"Louder! louder! louder! louder!" one's heart beats when reading Edgar Allan Poe's "The Tell-Tale Heart" (559). Poe was a man who led an odd life. He suffered from alcoholism. Locals knew him more as a drinker than as an author. He also had an odd romantic life. He married his younger cousin and his younger neighbor. It's no wonder he wrote such chillingly disturbing stories. However, he's not perfect; he is only human. In fact, he uses the emotions of humans in his tales. In "The Tell Tale Heart," Poe uses the emotions of fear and guilt to add to the story's intensity. .
Poe's stories are all alike. His male characters usually have a problem and have some odd mental issue. This is really a way for Poe to add himself to the story. His female characters are all said to be beautiful but yet sick or dead (Szumski 35). Also, his writing has a fixation with death, whether it"d be the physical signs, the wonder and mystery of it, deathbeds, etc. (Szumski 92).

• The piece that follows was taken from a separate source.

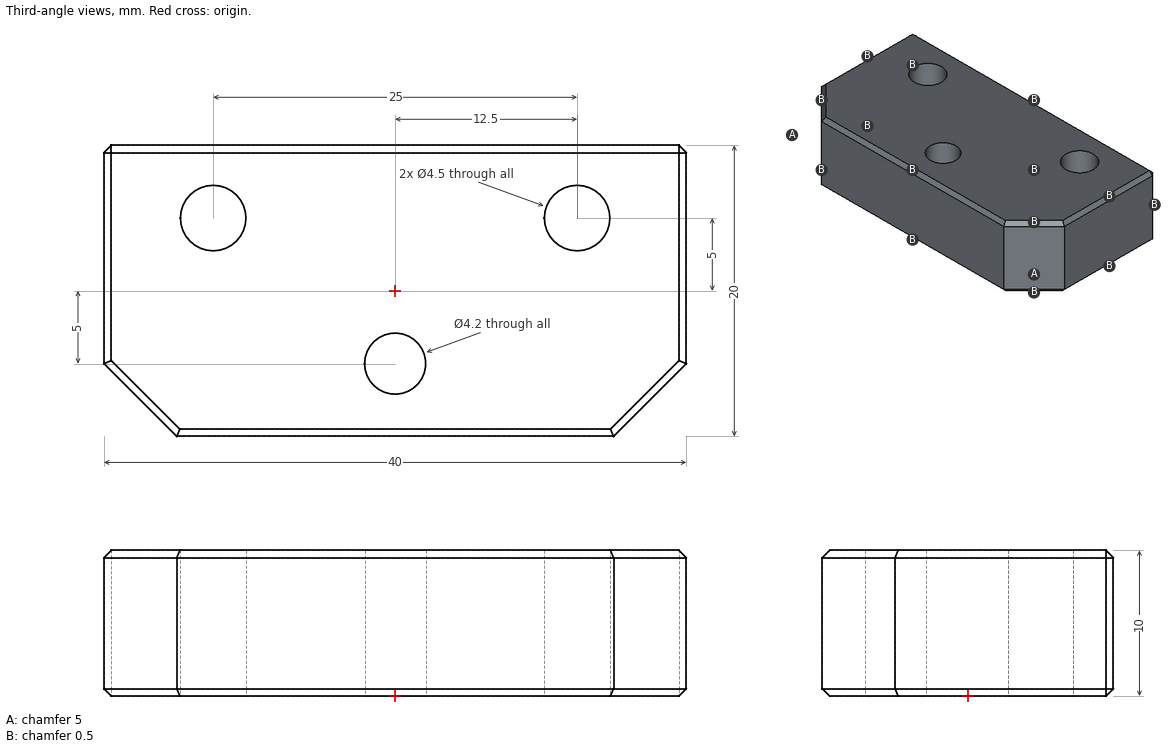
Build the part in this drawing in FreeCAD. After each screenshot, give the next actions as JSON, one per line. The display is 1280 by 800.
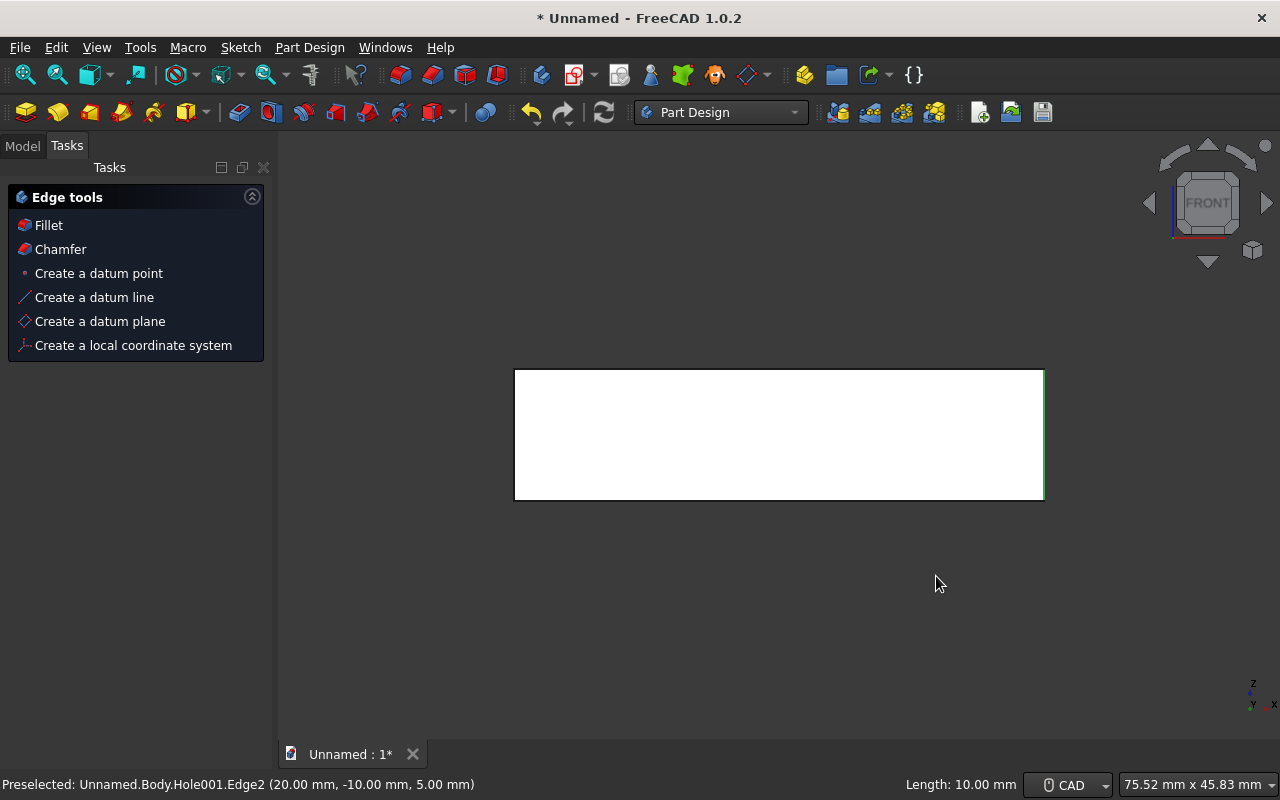
{"action": "left_click", "coordinate": [514, 434], "text": "ctrl"}

"What is this story about?" you may ask yourself. The story focuses on the Narrator's murder of the Old Man he is living with. The Narrator, however, is really trying to rid of the Old Man's "Evil Eye". Once the Narrator murder's the mean, he conceals the body in the floor of the home. Later that morning, officers come to ask why that there was screaming heard from the house. The Narrator plays dumb, and says that there's nothing to going on. But as he is lying to the officers, he starts to heart a noise in his head. His guilt causes him to hear the sound of a heart beating. This drives the man to eventually saying " "Villains," I shrieked, "dissemble no more! I admit the dead! - tear up the planks! - here, here! - It's the beating of his hideous heart!" " (559).
The story essentially has three central characters, The Narrator, the Old man, and the "Evil Eye", and two of these characters being victims. The Old Man is the initial victim of the Narrator's irritation with the "Evil Eye".